### TASK TO CARRY OUT
Beginning at the line that contains "2. person (1063,476,1092,554)", return every remaining line of the data below exactly; return nothing before it.

= Beginning of Section =

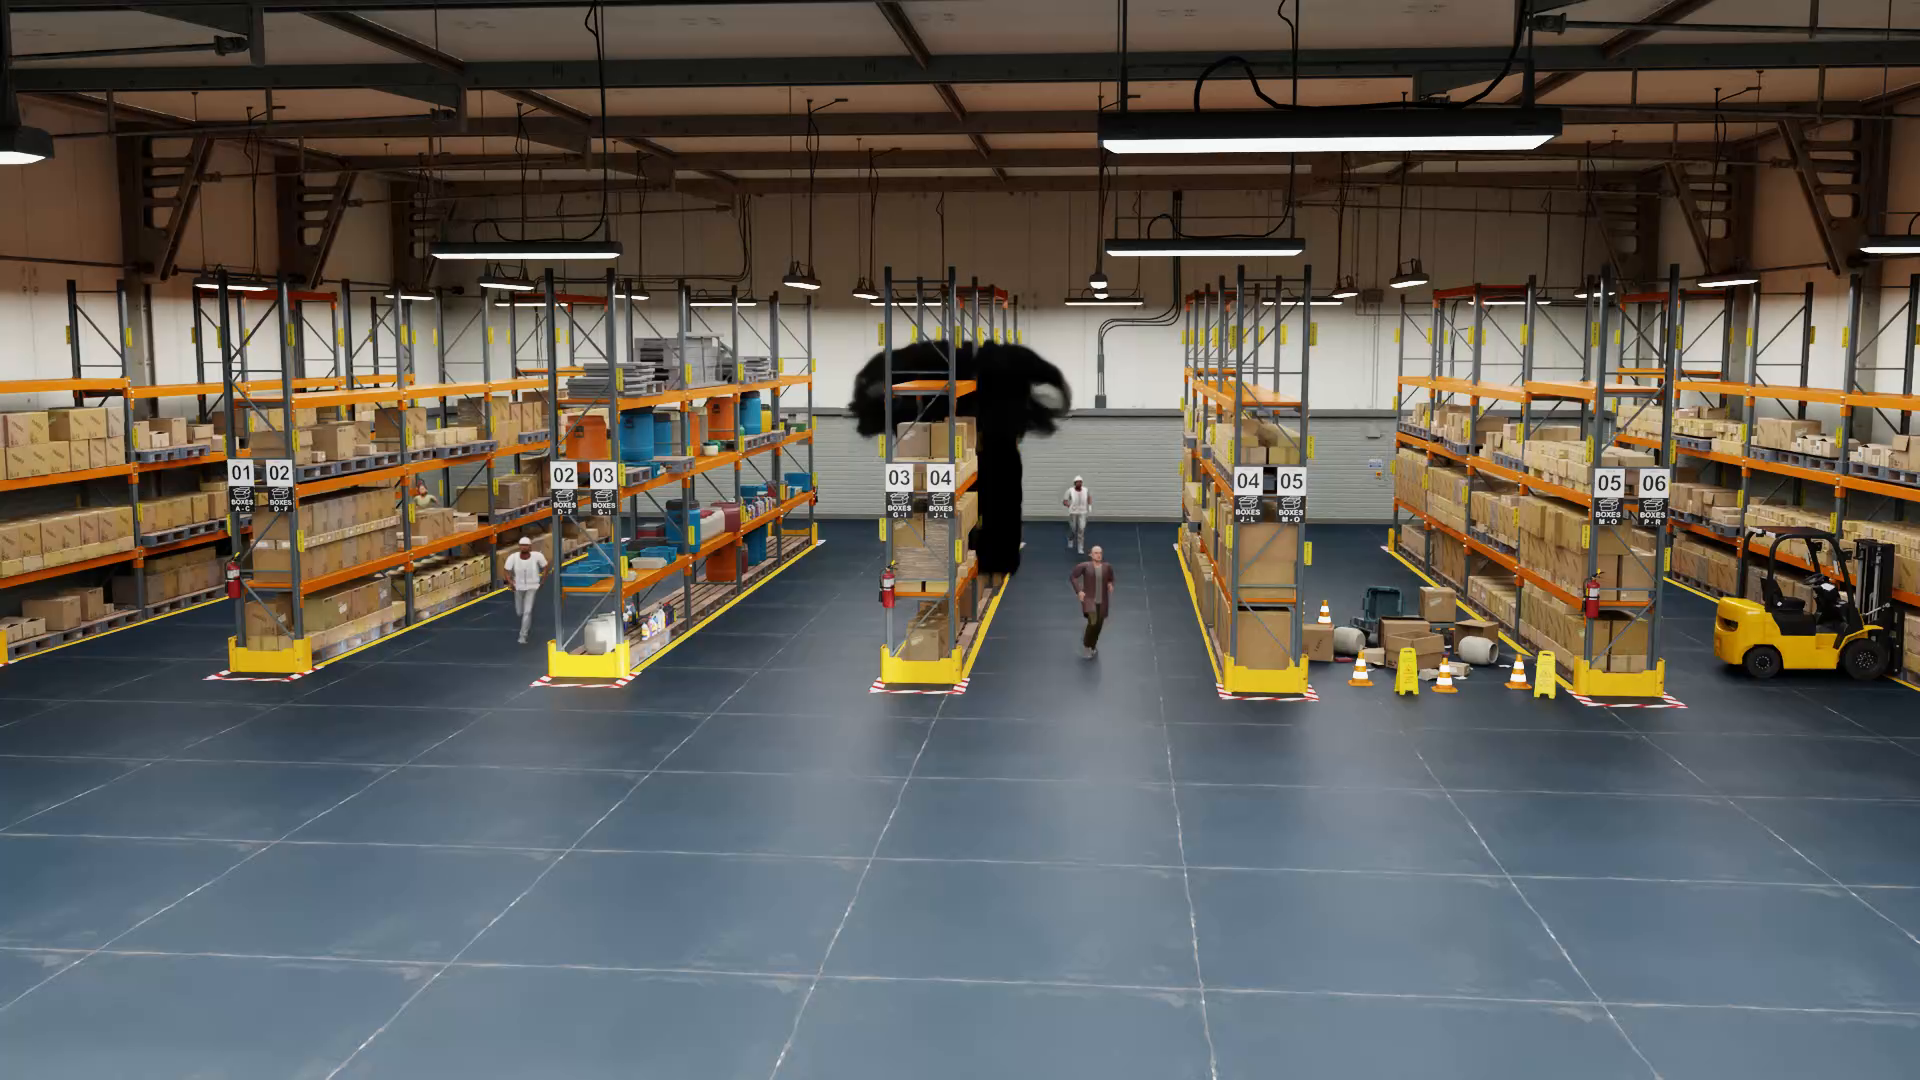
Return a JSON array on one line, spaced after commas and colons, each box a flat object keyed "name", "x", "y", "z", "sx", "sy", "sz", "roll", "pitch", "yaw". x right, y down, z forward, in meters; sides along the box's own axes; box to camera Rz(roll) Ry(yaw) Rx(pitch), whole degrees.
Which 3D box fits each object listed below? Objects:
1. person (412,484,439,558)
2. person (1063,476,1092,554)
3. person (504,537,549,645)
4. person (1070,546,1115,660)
[{"name": "person", "x": -12.279, "y": -0.445, "z": 38.164, "sx": 0.560, "sy": 1.687, "sz": 0.764, "roll": 0, "pitch": 7, "yaw": -1}, {"name": "person", "x": 2.753, "y": -0.606, "z": 38.929, "sx": 0.708, "sy": 1.789, "sz": 0.852, "roll": -1, "pitch": 7, "yaw": -8}, {"name": "person", "x": -7.194, "y": 0.807, "z": 27.586, "sx": 0.727, "sy": 1.746, "sz": 0.871, "roll": -1, "pitch": 7, "yaw": -7}, {"name": "person", "x": 2.114, "y": 0.986, "z": 25.965, "sx": 0.679, "sy": 1.784, "sz": 0.753, "roll": -2, "pitch": 7, "yaw": -17}]

= End of Section =

### ANSWER
2. person (1063,476,1092,554)
3. person (504,537,549,645)
4. person (1070,546,1115,660)
[{"name": "person", "x": -12.279, "y": -0.445, "z": 38.164, "sx": 0.560, "sy": 1.687, "sz": 0.764, "roll": 0, "pitch": 7, "yaw": -1}, {"name": "person", "x": 2.753, "y": -0.606, "z": 38.929, "sx": 0.708, "sy": 1.789, "sz": 0.852, "roll": -1, "pitch": 7, "yaw": -8}, {"name": "person", "x": -7.194, "y": 0.807, "z": 27.586, "sx": 0.727, "sy": 1.746, "sz": 0.871, "roll": -1, "pitch": 7, "yaw": -7}, {"name": "person", "x": 2.114, "y": 0.986, "z": 25.965, "sx": 0.679, "sy": 1.784, "sz": 0.753, "roll": -2, "pitch": 7, "yaw": -17}]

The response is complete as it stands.